The announcement comes after graphene nanoribbons often have been discussed over the years for having properties of nanoscale electron traps that could allow them to be used in quantum computing processes. Ultimately, HRI-US said its synthesis of the nanoribbons could lead to more energy-efficient quantum devices.
“Our novel growth technology introduces the width as an additional degree of freedom in the atomically thin layered materials revealing and engineering their rich new electronic behaviors,” said Dr. Avetik Harutyunyan, senior chief scientist at HRI-US and the corresponding author of the paper in Science Advances. “The potential applications are extremely broad. We see immediate opportunities for the applications in the high speed, low-energy consumption electronics, spintronics, quantum sensing, quantum and neuromorphic computing.”
HRI-US said in statement that its synthesis “of an ultra-narrow two-dimensional material built of a single or double layer of atoms demonstrated the ability to control the width of these two-dimensional materials to sub-10 nanometer (10-9 meter) that results in quantum transport behavior at much higher temperatures compared to those grown using current methods.”
The statement further explained, “Common fabrication methods so far mostly rely on techniques such as nanolithography, which print or etch nanometer-scale structures. By contrast, HRI-US scientists developed a method to controllably grow the materials by using nickel nanoparticles as a seed to control the width of two-dimensional materials such as molybdenum disulfide. The result is a much narrower width than those synthesized by conventional methods. The ultra-narrow (about 7-8 nanometers) two-dimensional materials grown by HRI-US researchers demonstrate quantum electron transport, known as Coulomb blockade oscillation, at temperatures of about 60 K (or -213oC), about 15 times higher than those materials synthesized by conventional methods about or less than 4 K (or -269oC), paving the way for more energy-efficient quantum devices.”

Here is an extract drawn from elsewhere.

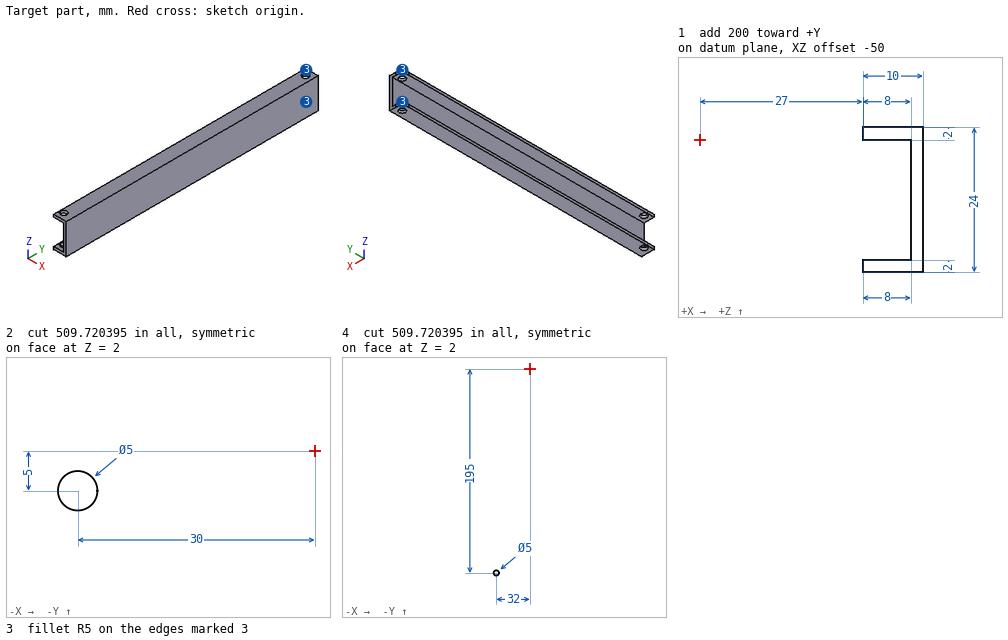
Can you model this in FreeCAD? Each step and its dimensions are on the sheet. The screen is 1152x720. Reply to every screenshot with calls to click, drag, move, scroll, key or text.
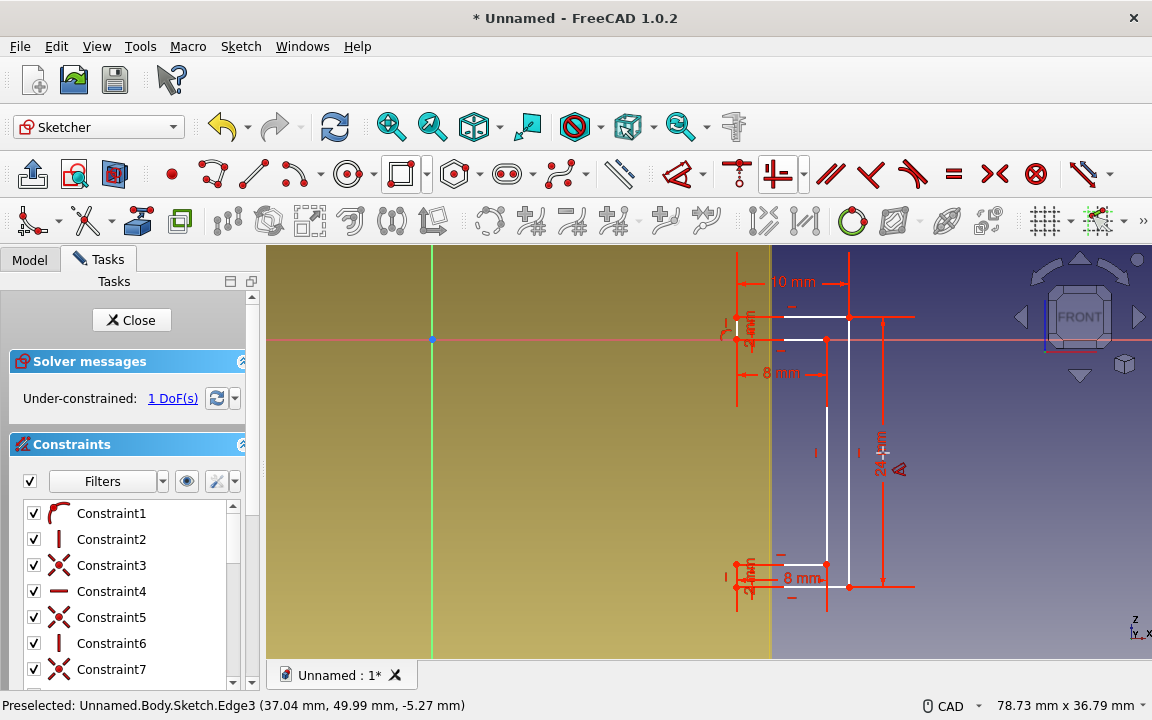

“This new synthesis technology represents an important breakthrough in the field of growth of 2D materials,” said Dr. Xufan Li, senior scientist at HRI-US and a lead author of the paper. “We were able to achieve atomic scale control over MoS2 nanoribbon width by using Ni nanoparticles as a seed that enables nanoribbon growth via vapor-liquid-solid (VLS) mechanism. Next we are thinking to control the edge structures of nanoribbons another way to amend their electronic properties.”